CVS is the source code control system used by most of GMOD. Source code control systems, also known as revision control or version control systems are used to record changes to computer files.
A database can be any set of organized data that is readable by a computer. It can be anywhere from an implementation of a database schema in a particular database management system to regular files that have a defined format.
Database Management System
Database management systems (DBMSs) are software systems that can manage data. PostgreSQL, MySQL, Oracle and Sybase are all examples of DBMSs. DBMSs are containers of databases. That is, they are the systems that manage databases, which is distinct from the data that they manage.
Most DBMSs are relational, which is a particular way of representing data. All DBMSs that GMOD is concerned with are relational, so GMOD uses the termsdatabase management system and relational database management system (RDBMS) interchangeably.
A database schema is the design of a particular database, independent of its contents. Chado is an example of a database schema. Designs (like Chado) can be reused across multiple databases.
Gene Finder Format
General Feature Format
If you get into the more technical side of GMOD, loading databases, you will come across this term. It refers to a tab-delimited file format for storing sequence annotations (curiously, the acronym has different definitions, Gene Finder Format, or General Feature Format). Here is an example:
test.fa RepeatMasker similarity 238 289 15.4 + . Target "Motif:(TA)n" 2 53
The line above describes a match to a sequence motif (TAn) on a sequence contained in the "file.fa", where the match goes from position 238 to position 289 on the "+" strand.
One encounters GFF files frequently in the GMOD world. It's used as interchange format, so a script or an application may create GFF as output and some other script or application may load this GFF into a database. Or it may the database itself. There are ways to create databases directly from GFF files, though it turns out that these work well only with smaller sets of data. See GFF for more information.
Java is arguably the world's most popular programming language but it is not as popular for command-line work on Unix as Perl. It's encountered in GMOD primarily as a language to construct user interfaces (e.g. Apollo).

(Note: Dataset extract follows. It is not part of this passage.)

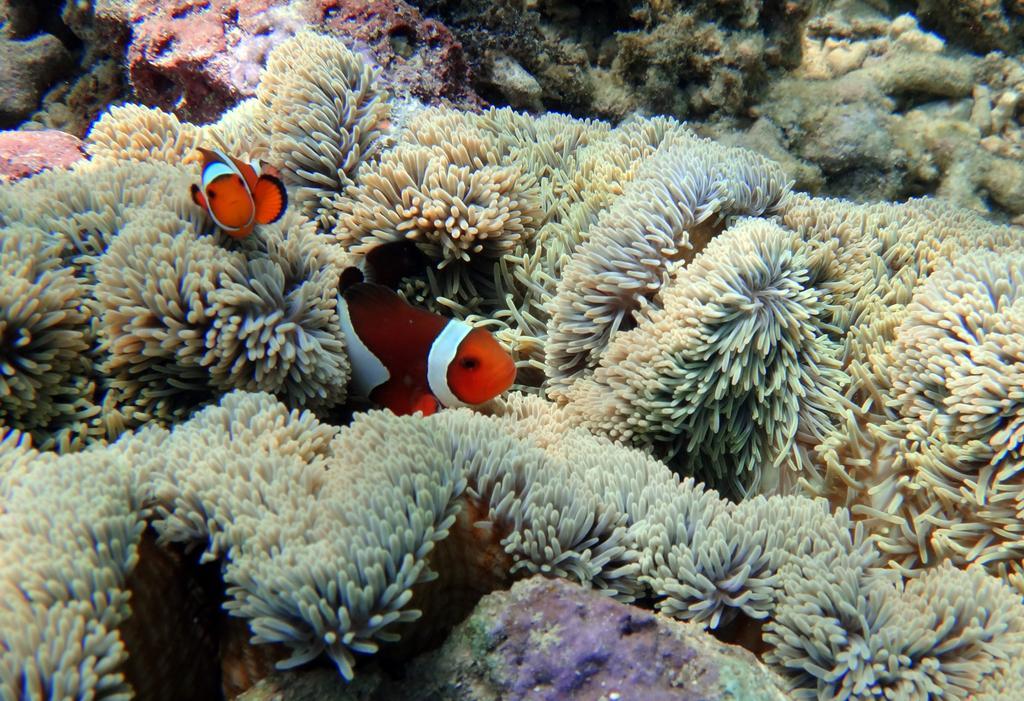How would you summarize this image in a sentence or two? In this picture there are fishes in the water and the fishes are in orange and white color. At the bottom there are marine plants and there is a rock. 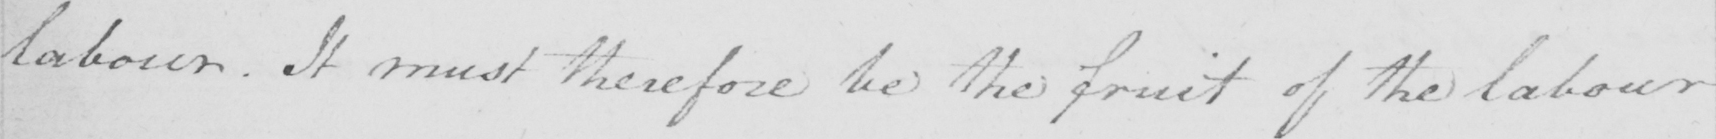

- Category:Java - GMOD pages tagged as related to Java.
Middleware is software that connects other software components so they can talk together. You can think of it as project plumbing. Like plumbing, it is hard to do well, and people take it for granted until it does not work.
- Category:Middleware - List of GMOD pages tagged as related to middleware.
See Operating System.
Perl is the programming language most used in the bioinformatics realm, and it is the language most used by GMOD developers. It is well-suited to text and data processing and is also characterized by an extensive open source library, so it's highly functional. Many of GMOD components use BioPerl, a bioinformatics toolkit written in Perl.
Some parts of GMOD, like GBrowse, can be extended or customized using Perl but beginners' skills in Perl is sufficient for this work.
- Perl Home Page
- Perl's open source library repository.
- Category:Perl - GMOD pages tagged as related to Perl.
Relational Database Management System
See Database Schema
SQL is a standard query language used with relational database management systems (DBMSs). Is is used to update and retrieve data that is in a database.
SQL is generally similar for different DBMSs but varies in many details from one DBMS to another.
XML is an acronym for eXtensible Markup Language, a data format used primarily for sharing data. It looks similar to HTML, but has a much tighter syntax than does HTML.